Thora Kilmartin he called when he got home. Their parting had been friendly in a cold sort of way but now she seemed genuinely pleased to hear his voice. Of course they must meet again but she would be coming to Kingsmarkham for Sarah’s memorial service. Would he be there? He had forgotten about the memorial service but now he knew it was taking place he would. Perhaps they could talk afterwards. Thora said her husband wouldn’t be with her, and from her tone when she mentioned the man’s name, he could almost see the distortion of her face and the casting up of eyes.

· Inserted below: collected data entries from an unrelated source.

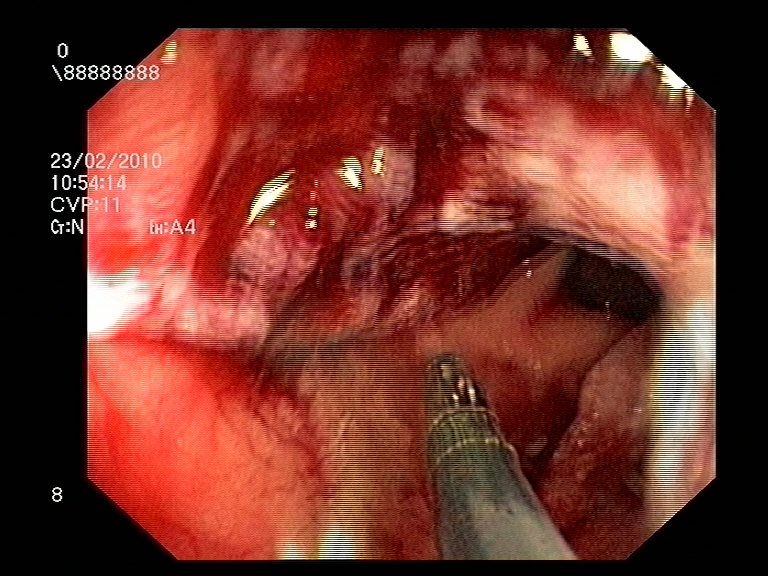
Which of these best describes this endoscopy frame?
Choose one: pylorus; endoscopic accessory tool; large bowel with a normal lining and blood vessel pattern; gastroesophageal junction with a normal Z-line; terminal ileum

endoscopic accessory tool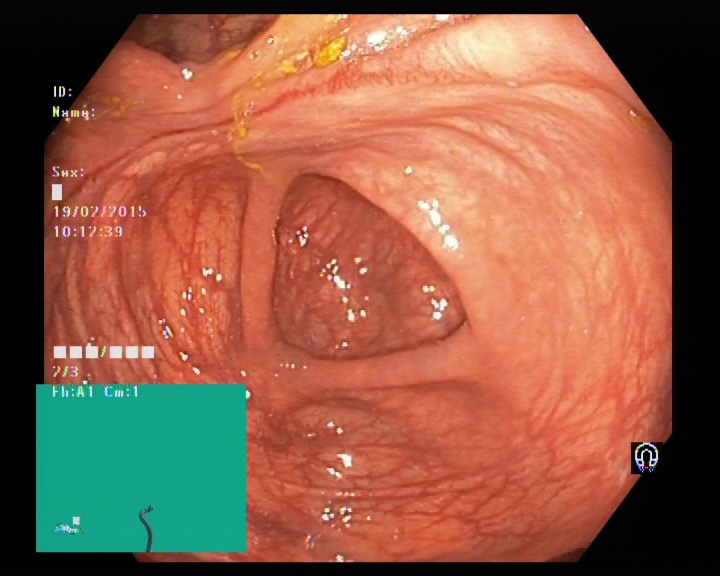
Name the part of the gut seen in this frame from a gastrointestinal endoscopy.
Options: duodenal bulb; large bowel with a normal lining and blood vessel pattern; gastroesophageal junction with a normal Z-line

large bowel with a normal lining and blood vessel pattern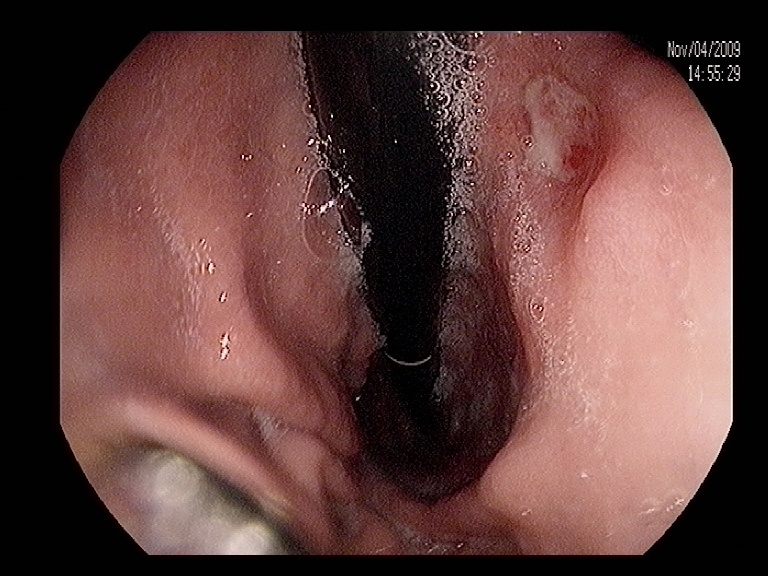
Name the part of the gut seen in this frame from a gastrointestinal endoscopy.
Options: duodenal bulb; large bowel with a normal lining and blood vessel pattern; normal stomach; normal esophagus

Wexford and Dora had their shared laughter and their amused mulling over Maxine’s narrative of the morning – they had it just once. Although they didn’t know it, the laughter was due to stop. Almost from this moment Jason Sams was no longer funny. It would not be an exaggeration to call Jason Sams a figure of tragedy. For them it began with Maxine not coming in to work and not phoning to explain why not, an almost unheard-of happening.
‘Lost her mobile, I expect,’ said Dora.
‘Hasn’t she looked down the back of the sofa?’
Maxine hadn’t lost her phone. She was not thinking about phones except of their use as a means of summoning medical help and this had been done within two minutes of Jason going into his daughter’s bedroom at seven thirty in the morning. In spite of Nicky’s telling him to leave her alone, be thankful for a bit of peace, he had been surprised by no sound coming from Isabella’s room, no crying or shouting and no sudden appearance of the child calling out for Daddy. She was still in her cot and she was jerking up and down, her whole body making violent rhythmic movements. Jason called her name, ‘Isabella!’